MRT-3 revenue hits record low in 2019 – COA

Elizabeth Marcelo (The Philippine Star) - October 19, 2020 - 12:00am

MANILA, Philippines — Revenue collections of the Metro Rail Transit Line 3 (MRT-3) dropped in 2019 to its lowest in the past five years, according to state auditors.

The Commission on Audit (COA) has called on the Department of Transportation (DOTr) to speed up the rehabilitation of the MRT-3 as the continued decrease in revenue has been depleting government coffers.

In its 2019 audit report on the DOTr, the COA noted that the MRT-3 posted only P1.907-billion income, lower by P161 million from its P2.068-billion revenue in 2018.

The MRT-3 posted P2.779 billion, P2.681 billion and P2.316 billion in revenues in 2017, 2016 and 2015, respectively.

The COA said the income generated from the MRT-3 operations was being used to pay its rental obligation to Metro Rail Transit Corp. for the 25-year build-lease-transfer agreement that the government signed with MRTC on Aug. 8, 1997.

State auditors said because of the continued drop in the MRT-3’s revenues, the government has been extending to the DOTr billions of pesos in subsidy to shoulder the rental fees.

In 2019 alone, the audit body said the national government shelled out P6.9 billion in subsidy to pay the rental obligation, the highest since 2015 when it disbursed P4.8 billion.

The COA noted that the Department of Budget and Management released additional funding sourced from unprogrammed appropriations as the P4.696 billion appropriated by Congress for “Government Subsidy for Mass Transport” for 2019 was not enough to cover the rental fees to MRTC.

Records showed that the government extended P4.661 billion, P4.286 billion and P3.417 billion in subsidies to the MRT-3 in 2018, 2017 and 2016, respectively, for the payment of rental obligations.

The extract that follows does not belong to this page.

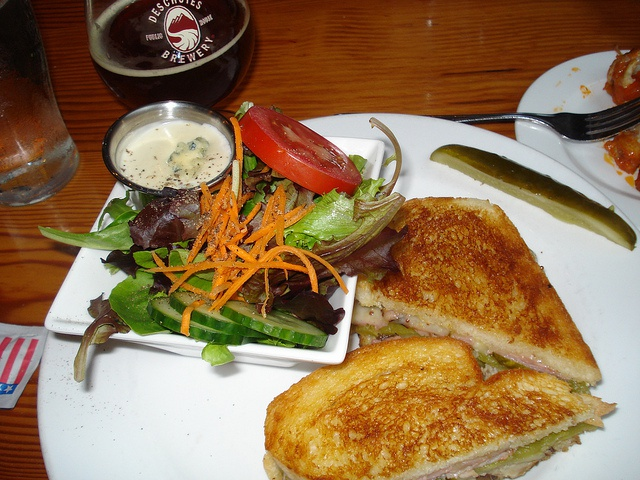Describe the objects in this image and their specific colors. I can see dining table in black and maroon tones, sandwich in black, red, orange, and tan tones, sandwich in black, brown, tan, and maroon tones, cup in black, maroon, and gray tones, and bottle in black, maroon, and gray tones in this image.

The MRT-3 management admitted that the decline in revenue collections was due to the “decrease in the number of reliable and safe trains in 2018 and 2019 due to years of neglect, bad maintenance practices and failure to undertake scheduled overhaul and upgrading works.”

The DOTr took over the maintenance of the MRT-3 after it terminated the P4.25-billion contract of Busan Universal Rail Inc. (BURI) in November 2017 due to alleged irregularities.

The contract, which was supposed to have ended in January 2019, included the maintenance of the MRT-3 system for three years, general overhaul of 43 units of light rail vehicles, total replacement of signaling system and additional maintenance works.

The DOTr explained to the audit team that following the termination of the contract with BURI, the MRT-3 maintenance transition team has undertaken measures to ensure that only “safe and reliable” trains would be deployed for operations.

The DOTr admitted that this resulted in reduced operations as well as lower ridership and revenues.